Peramato invoca la reserva del sumario para no detallar ante el Senado las visitas de Leire Díez a la Fiscalía

La fiscal general Teresa Peramato durante su comparecencia en el Senado. Las claves

La fiscal general Teresa Peramato optó por no responder en el Senado respecto a las visitas de Leire Díez, conocida como la ‘fontanera’ del PSOE, a la Fiscalía General, citando la reserva sumarial.

Tanto Díez como el abogado Jacobo Teijelo están bajo investigación por presuntas maniobras para influir en procedimientos judiciales vinculados al PSOE y al entorno de Pedro Sánchez.

Peramato defendió la legalidad y la independencia de la Fiscalía frente a las acusaciones del PP y Vox, además de negar que esta institución sirva a una organización criminal.

La fiscal general reiteró que la Fiscalía es independiente del Ejecutivo y alertó sobre los peligros de su politización mediante un control parlamentario excesivo.

«Lamento no poder satisfacer esa gran curiosidad», respondió con calma la fiscal general, Teresa Peramato, a la senadora del PP María José Pardo, quien insistía en preguntas acerca de las visitas de la ‘fontanera’ del PSOE Leire Díez a la Fiscalía General durante la gestión de su antecesor, Álvaro García Ortiz.

Peramato superó su primera comparecencia en el Senado, que duró poco más de dos horas, en la que invocó la reserva sumarial establecida en la ley procesal penal para no ofrecer detalles sobre la inusual presencia de Díez y del abogado Jacobo Teijelo en la sede de Fortuny durante marzo y abril de 2025. Ambos son investigados por el juez Santiago Pedraz por formar parte de una red que intentaba neutralizar procesos judiciales relacionados con el PSOE y, específicamente, con el entorno del presidente Pedro Sánchez.
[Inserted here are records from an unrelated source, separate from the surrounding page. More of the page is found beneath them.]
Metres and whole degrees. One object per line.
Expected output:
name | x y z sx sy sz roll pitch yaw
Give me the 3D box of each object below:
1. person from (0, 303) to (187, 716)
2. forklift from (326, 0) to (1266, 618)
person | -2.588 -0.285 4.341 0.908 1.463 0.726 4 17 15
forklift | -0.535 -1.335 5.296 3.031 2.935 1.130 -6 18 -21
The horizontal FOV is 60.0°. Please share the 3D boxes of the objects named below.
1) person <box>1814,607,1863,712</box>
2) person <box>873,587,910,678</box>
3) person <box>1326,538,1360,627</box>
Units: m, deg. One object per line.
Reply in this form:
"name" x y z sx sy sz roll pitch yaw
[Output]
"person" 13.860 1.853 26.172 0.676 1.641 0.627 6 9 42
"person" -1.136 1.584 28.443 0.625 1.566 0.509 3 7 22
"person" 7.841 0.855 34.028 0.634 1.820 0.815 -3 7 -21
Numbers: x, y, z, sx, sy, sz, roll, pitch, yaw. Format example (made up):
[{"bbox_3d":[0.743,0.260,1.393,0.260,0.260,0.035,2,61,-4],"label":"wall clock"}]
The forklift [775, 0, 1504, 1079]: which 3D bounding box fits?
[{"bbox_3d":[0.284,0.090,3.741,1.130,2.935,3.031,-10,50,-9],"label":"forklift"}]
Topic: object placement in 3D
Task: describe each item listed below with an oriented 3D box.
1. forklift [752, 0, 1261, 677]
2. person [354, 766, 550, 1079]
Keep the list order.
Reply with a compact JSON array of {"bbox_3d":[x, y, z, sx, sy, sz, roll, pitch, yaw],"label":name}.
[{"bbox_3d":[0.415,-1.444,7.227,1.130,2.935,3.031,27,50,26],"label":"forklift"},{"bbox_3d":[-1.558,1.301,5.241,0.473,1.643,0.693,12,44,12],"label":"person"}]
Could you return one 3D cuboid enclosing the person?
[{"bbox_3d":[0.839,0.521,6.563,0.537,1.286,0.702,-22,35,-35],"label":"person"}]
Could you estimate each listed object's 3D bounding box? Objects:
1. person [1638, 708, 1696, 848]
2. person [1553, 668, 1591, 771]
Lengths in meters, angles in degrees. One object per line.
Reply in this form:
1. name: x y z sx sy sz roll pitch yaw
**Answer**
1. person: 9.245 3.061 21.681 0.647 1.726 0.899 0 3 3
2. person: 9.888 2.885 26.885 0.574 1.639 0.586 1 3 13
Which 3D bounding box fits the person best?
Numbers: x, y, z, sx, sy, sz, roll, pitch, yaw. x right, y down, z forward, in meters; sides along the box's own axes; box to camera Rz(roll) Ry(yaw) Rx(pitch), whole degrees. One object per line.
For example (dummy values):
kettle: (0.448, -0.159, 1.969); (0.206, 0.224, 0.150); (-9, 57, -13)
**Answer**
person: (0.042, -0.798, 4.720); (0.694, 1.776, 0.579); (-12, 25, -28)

De este modo, quedaron sin respuesta preguntas clave como quién autorizó y qué temas se trataron en esas dos reuniones con Diego Villafañe, mano derecha del entonces fiscal general.

Se sabe que, tras el primer encuentro, realizado por la tarde cuando la actividad en la Fiscalía General disminuye, la ‘fontanera’ del PSOE comunicó a otro integrante de la red que «Jacobo dice que debería asistir a todas las reuniones de Fiscalía porque complementa bien la parte jurídica. Si ahora actúan rápido según lo acordado, las cosas se acelerarán«.

«Se ha entregado al juez toda la información que obraba en nuestro poder», afirmó Peramato, quien heredó esta incómoda situación de su antecesor, cuya gestión ahora se utiliza como munición política contra ella.

«Su silencio, de no ser revertido, la convertirá en cómplice de las cloacas», le reprochó Pardo. Sin lograr respuesta: Peramato se mantuvo firme alegando que «esta fiscal general, como cualquier otro fiscal, está obligada a respetar la reserva del sumario establecida en la Ley de Enjuiciamiento Criminal. No puedo hacer observaciones ni comentarios».

La fiscal general, quien soportó las críticas sin inmutarse, solo reaccionó cuando la portavoz de Vox, Paloma Gómez, le preguntó «cómo puede la Fiscalía estar al servicio de una organización criminal».

En ese momento exigió «respeto para la institución que represento». «Se ha afirmado que la Fiscalía está bajo el control de una trama criminal. Eso representa una falta absoluta de respeto. Los fiscales actúan con respeto estricto a la legalidad. Tal expresión implica desacreditar la labor de los fiscales», manifestó.

Al inicio de su intervención, donde defendió la controvertida política de nombramientos discrecionales, la fiscal general lanzó un aviso que desagradó al PP.

«No existe un régimen de control casi político sobre la Fiscalía General», señaló Peramato, recordando que «esto responde a la configuración constitucional de la institución».

La Fiscalía «no pertenece al poder Ejecutivo, ni se sustenta en una relación de confianza parlamentaria», enfatizó.

Para reforzar este argumento, se apoyó en la Comisión de Venecia, que «ha alertado sobre el riesgo de que el escrutinio parlamentario de las fiscalías conduzca a la politización o, por lo menos, a una percepción de ella».